Wednesday, May 23, 2018

The In-between Gender That is Ok




My primary physician is a transwoman. My electrologist is a transwoman. I attend a monthly transwomen pizza party where we casually talk about the trans experience. As I mentioned a while back, I personally don’t think of myself as a transwoman. I think of myself as a gender-variant, gender non-conforming individual who is going through a feminization process and who now presents in public both in androgynous form and, depending on the day of the week, in a more traditional male or female form.

When I strut down a busy New York City sidewalk wearing my dark sunglasses, my woman’s booties, woman’s cropped leather jacket, and tight jeans as my long hair blows in the wind I see guys look at me differently than when I presented in a more traditionally male form. It’s a curious look. A look that is hard to read but could be interpreted as “well this guy can’t be a straight dude.” And let’s be honest, they are correct to assume that in this case. Their looks seem to say “we are going to put this person in the “other” category. Being that I consider myself a non-binary individual those looks don’t bother me a bit.

I’m lucky that I live in New York City where it’s less fearful for trans individuals who don’t “pass,” where you don’t have to fear for your safety just because you have been put in the “other” category. That privilege never escapes me.



As I mentioned on Twitter recently I understand that because of my physical appearance some folks are going to see me and treat me as part of the established, and what may seem, an outdated gender binary. I get it.

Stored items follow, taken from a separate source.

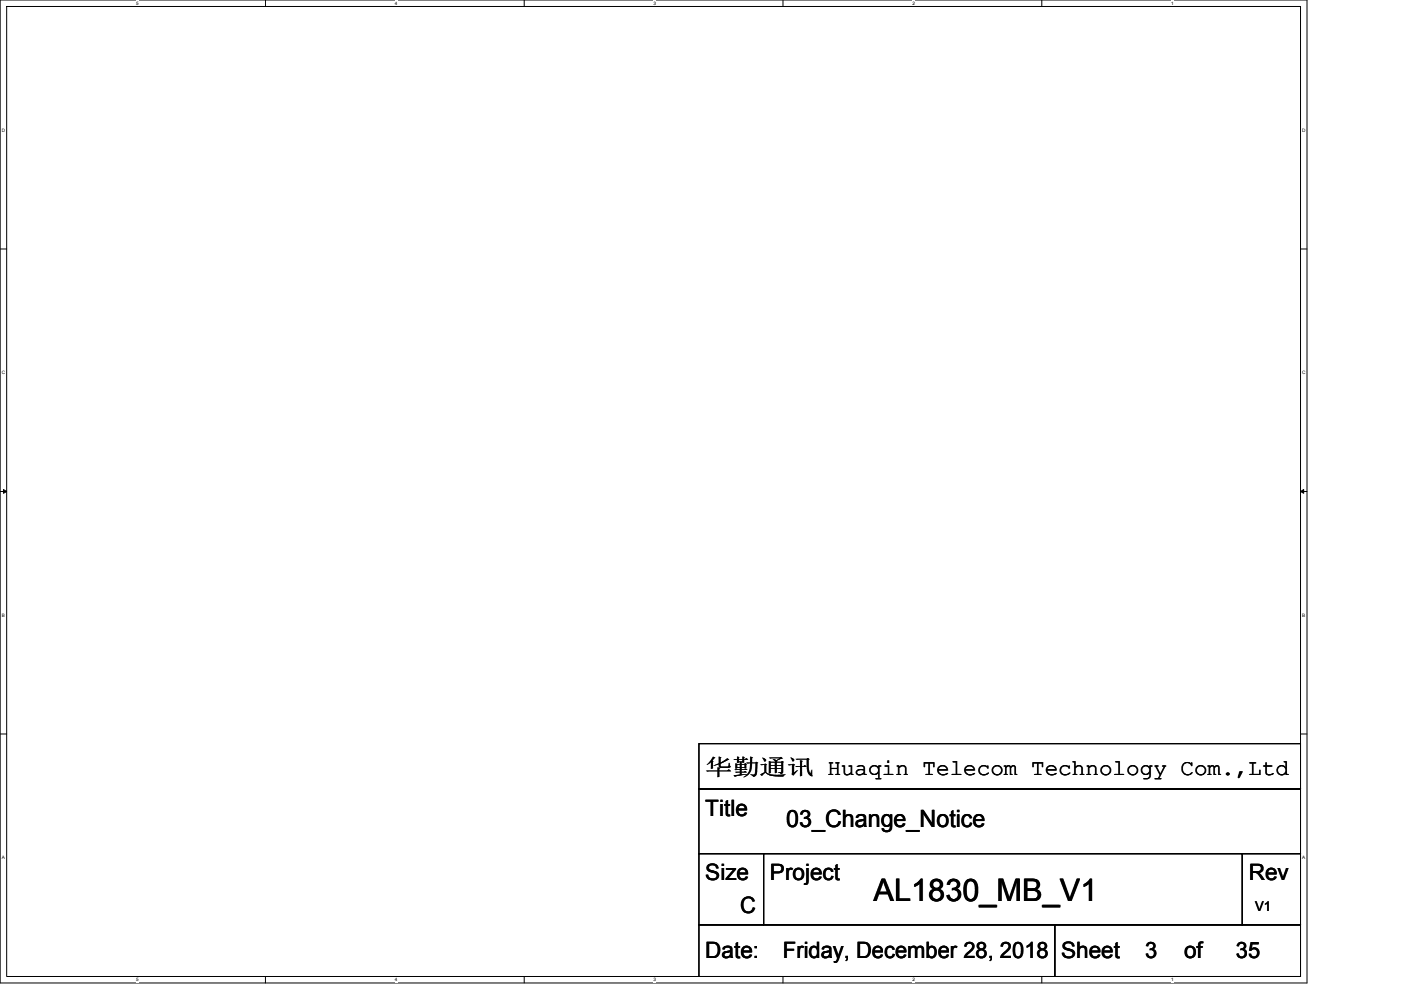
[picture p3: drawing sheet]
<svg xmlns="http://www.w3.org/2000/svg" width="297mm" height="210mm" viewBox="0 0 297 210" stroke-linecap="round" stroke-linejoin="round" font-family="sans-serif">
<defs><g id="words">
<text font-size="6.6" x="185.2" y="191.1">AL1830_MB_V1</text>
<text font-size="5.1" x="166.7" y="175.3">03_Change_Notice</text>
<g font-size="4.8">
<text x="149.5" y="164.3">华勤通讯 Huaqin Telecom Technology Com.,Ltd</text>
<text x="149.5" y="173">Title</text>
<text x="149.5" y="186.7">Size</text>
<text x="163.3" y="186.7">Project</text>
<text x="264.8" y="186.7">Rev</text>
<text x="156.9" y="193.6">C</text>
<text x="149.5" y="203.2">Date:</text>
<text x="166" y="203.2">Friday, December 28, 2018</text>
<text x="225" y="203.2">Sheet</text>
<text x="242.8" y="203.2">3</text>
<text x="251.1" y="203.2">of</text>
<text x="262" y="203.2">35</text>
</g>
<text font-size="2.9" x="266.1" y="193.2">V1</text>
<g font-size="1">
<text x="28.8" y="1">5</text>
<text x="83.7" y="1">4</text>
<text x="138.6" y="1">3</text>
<text x="193.4" y="1">2</text>
<text x="248.3" y="1">1</text>
<text x=".4" y="28">D</text>
<text x="276.1" y="28">D</text>
<text x=".4" y="79.4">C</text>
<text x="276.1" y="79.4">C</text>
<text x=".4" y="130.9">B</text>
<text x="276.1" y="130.9">B</text>
<text x=".4" y="182.3">A</text>
<text x="276.1" y="182.3">A</text>
<text x="28.8" y="208.2">5</text>
<text x="83.7" y="208.2">4</text>
<text x="138.6" y="208.2">3</text>
<text x="193.4" y="208.2">2</text>
<text x="248.3" y="208.2">1</text>
</g>
</g></defs>
<path d="M0 0h277.1v208.5h-277.1zM1.4 1.4h274.3v205.7h-274.3z" fill="none" stroke="#000" stroke-width=".21"/>
<g fill="#fff">
<path d="M28.8 .1h.6v1.1h-.6z"/>
<path d="M28.8 207.3h.6v1.1h-.6z"/>
</g>
<path d="M56.3 0v1.4M56.3 207.1v1.4" fill="none" stroke="#000" stroke-width=".21"/>
<g fill="#fff">
<path d="M83.7 .1h.6v1.1h-.6z"/>
<path d="M83.7 207.3h.6v1.1h-.6z"/>
</g>
<path d="M111.1 0v1.4M111.1 207.1v1.4" fill="none" stroke="#000" stroke-width=".21"/>
<g fill="#fff">
<path d="M138.6 .1h.5v1.1h-.5z"/>
<path d="M138.6 207.3h.5v1.1h-.5z"/>
</g>
<path d="M166 0v1.4M166 207.1v1.4" fill="none" stroke="#000" stroke-width=".21"/>
<g fill="#fff">
<path d="M193.4 .1h.6v1.1h-.6z"/>
<path d="M193.4 207.3h.6v1.1h-.6z"/>
</g>
<path d="M220.9 0v1.4M220.9 207.1v1.4" fill="none" stroke="#000" stroke-width=".21"/>
<g fill="#fff">
<path d="M248.3 .1h.6v1.1h-.6z"/>
<path d="M248.3 207.3h.6v1.1h-.6z"/>
<path d="M.4 27.1h.7v1.1h-.7z"/>
<path d="M276.1 27.1h.7v1.1h-.7z"/>
<path d="M.4 78.5h.7v1.1h-.7z"/>
<path d="M276.1 78.5h.7v1.1h-.7z"/>
</g>
<path d="M0 52.8h1.4M275.7 52.8h1.4" fill="none" stroke="#000" stroke-width=".21"/>
<g fill="#fff">
<path d="M.4 130h.7v1.1h-.7z"/>
<path d="M276.1 130h.7v1.1h-.7z"/>
</g>
<path d="M0 104.2h1.4M275.7 104.2h1.4" fill="none" stroke="#000" stroke-width=".21"/>
<path d="M.7 103.8l.7 .4-.7 .4zM275.7 104.2l.7-.4v.8z" fill="#000" stroke="#000" stroke-width=".21"/>
<g fill="#fff">
<path d="M.4 181.4h.7v1.1h-.7z"/>
<path d="M276.1 181.4h.7v1.1h-.7z"/>
</g>
<path d="M0 155.7h1.4M148.2 157.7h127.5v9.6h-127.5zM275.7 155.7h1.4M148.2 167.3h127.5v13.8h-127.5zM148.2 181.1h13.7v15.1h-13.7zM148.2 196.2h75.4v10.9h-75.4zM161.9 181.1h101.5v15.1h-101.5zM223.6 196.2h52.1v10.9h-52.1zM263.4 181.1h12.3v15.1h-12.3z" fill="none" stroke="#000" stroke-width=".21"/>
<use href="#words"/>
</svg>

It is not my mission to tell people how they should feel or act around gender-variant individuals. But as I’m learning, from experience, my visibility in this world every day is important. It’s important to show and represent my inherent diversity. It’s important to feel authentic and not like I’m playing a gender role I was expected to play based on my genitalia. It’s important that I feel free and open as I walk down the street instead of feeling like I have to pretend, or feel obliged to put up a wall in order to hide a secret, or conform to societal norms that are not true to my heart.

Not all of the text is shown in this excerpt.